(WHAT YOU HAVE TO DO) Copy each line from the data that has the word "kMVKShaderStageFragment" in it.

(RECORDS FOR THE TASK)

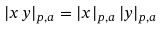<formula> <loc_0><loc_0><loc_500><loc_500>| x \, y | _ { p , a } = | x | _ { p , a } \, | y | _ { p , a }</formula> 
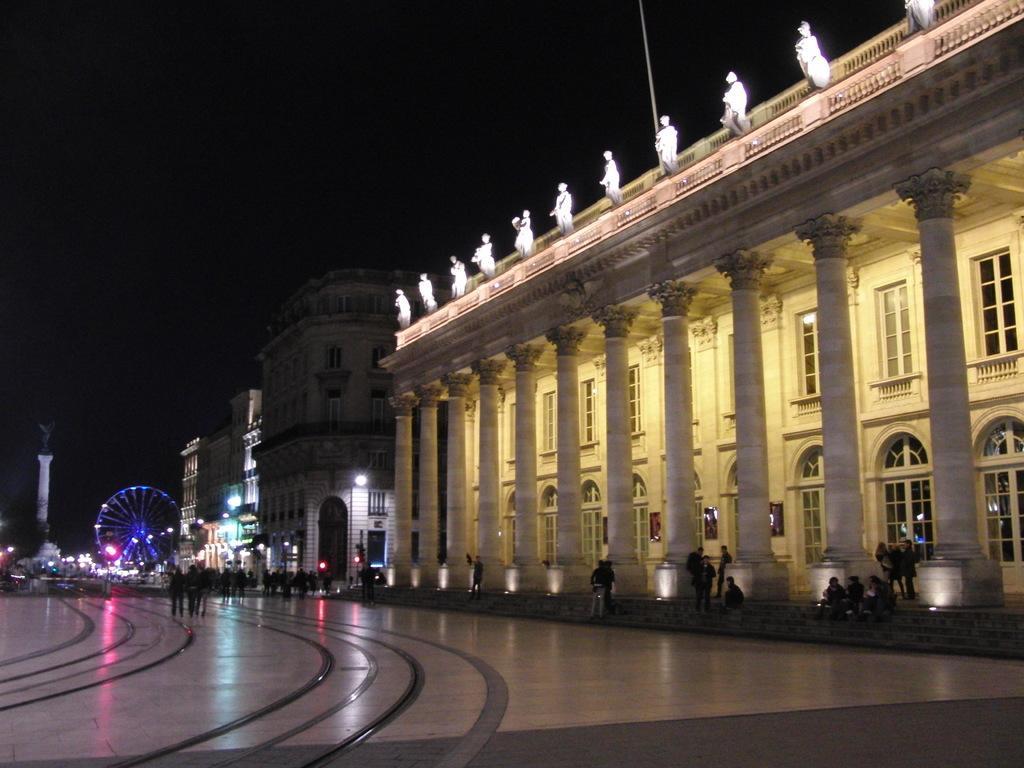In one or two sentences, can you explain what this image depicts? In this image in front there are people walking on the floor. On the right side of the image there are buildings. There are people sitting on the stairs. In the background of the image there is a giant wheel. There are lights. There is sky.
==
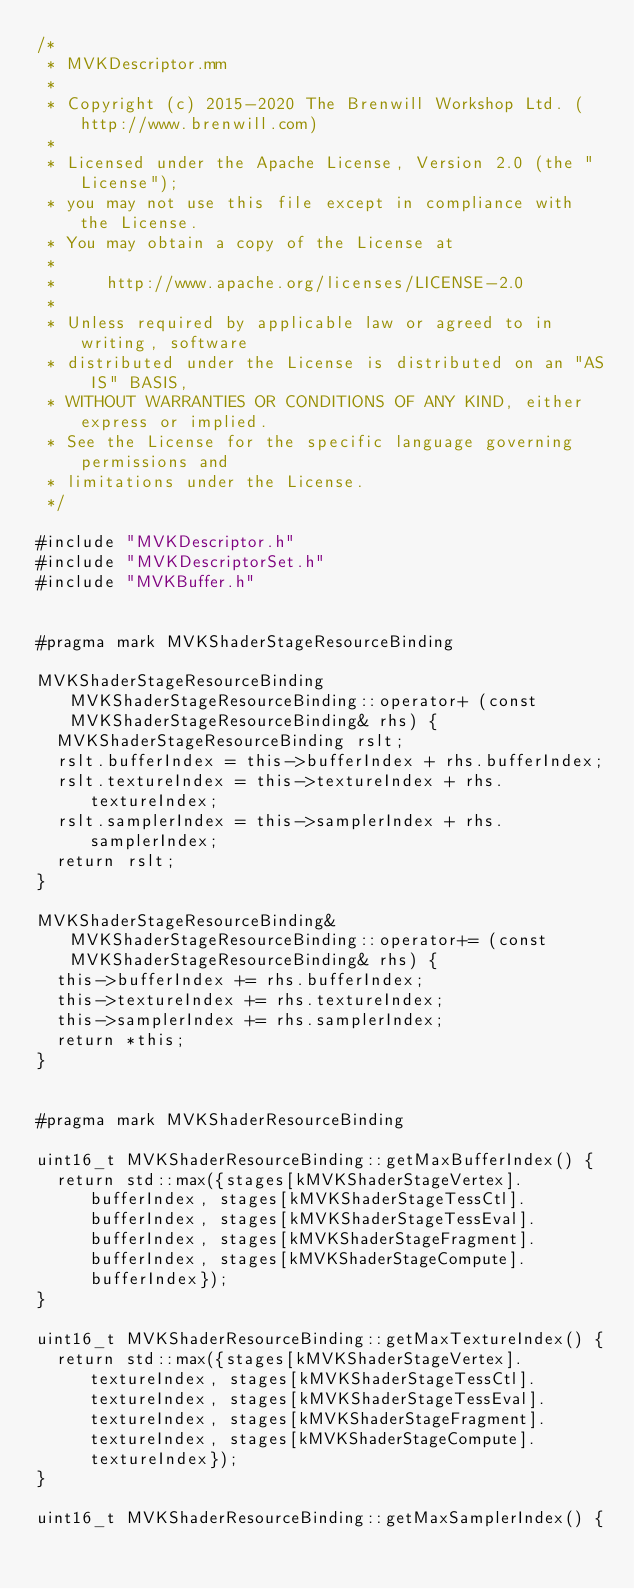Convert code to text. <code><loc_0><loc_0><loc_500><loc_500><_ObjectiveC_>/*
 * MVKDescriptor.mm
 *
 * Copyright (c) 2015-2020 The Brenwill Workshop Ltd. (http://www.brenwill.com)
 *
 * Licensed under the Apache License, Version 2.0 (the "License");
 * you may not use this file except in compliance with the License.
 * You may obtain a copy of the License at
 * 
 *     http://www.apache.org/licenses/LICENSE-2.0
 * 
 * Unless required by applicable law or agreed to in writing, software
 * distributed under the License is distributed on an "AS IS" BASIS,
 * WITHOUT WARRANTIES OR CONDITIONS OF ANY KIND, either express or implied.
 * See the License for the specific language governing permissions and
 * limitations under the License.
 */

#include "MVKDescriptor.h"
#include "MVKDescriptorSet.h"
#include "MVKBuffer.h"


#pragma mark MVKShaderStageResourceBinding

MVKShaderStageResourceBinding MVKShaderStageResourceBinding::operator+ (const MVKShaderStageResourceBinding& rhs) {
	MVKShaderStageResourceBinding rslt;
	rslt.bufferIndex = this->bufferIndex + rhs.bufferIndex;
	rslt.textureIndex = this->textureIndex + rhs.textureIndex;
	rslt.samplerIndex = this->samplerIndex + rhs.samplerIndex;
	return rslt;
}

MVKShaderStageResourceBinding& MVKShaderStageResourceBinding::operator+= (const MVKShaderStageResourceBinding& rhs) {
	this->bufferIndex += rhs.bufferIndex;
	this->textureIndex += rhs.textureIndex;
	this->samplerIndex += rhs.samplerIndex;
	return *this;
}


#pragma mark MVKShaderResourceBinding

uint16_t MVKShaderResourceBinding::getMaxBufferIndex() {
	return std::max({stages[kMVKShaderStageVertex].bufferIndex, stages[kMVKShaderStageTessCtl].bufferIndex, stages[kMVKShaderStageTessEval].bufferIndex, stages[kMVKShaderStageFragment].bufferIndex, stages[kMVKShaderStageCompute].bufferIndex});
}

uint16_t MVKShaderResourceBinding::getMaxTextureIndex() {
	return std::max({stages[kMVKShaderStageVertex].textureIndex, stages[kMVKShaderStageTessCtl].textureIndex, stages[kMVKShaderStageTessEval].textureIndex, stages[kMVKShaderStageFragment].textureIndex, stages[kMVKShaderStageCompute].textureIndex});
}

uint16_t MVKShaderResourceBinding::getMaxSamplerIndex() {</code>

(EXPECTED OUTPUT)
	return std::max({stages[kMVKShaderStageVertex].bufferIndex, stages[kMVKShaderStageTessCtl].bufferIndex, stages[kMVKShaderStageTessEval].bufferIndex, stages[kMVKShaderStageFragment].bufferIndex, stages[kMVKShaderStageCompute].bufferIndex});
	return std::max({stages[kMVKShaderStageVertex].textureIndex, stages[kMVKShaderStageTessCtl].textureIndex, stages[kMVKShaderStageTessEval].textureIndex, stages[kMVKShaderStageFragment].textureIndex, stages[kMVKShaderStageCompute].textureIndex});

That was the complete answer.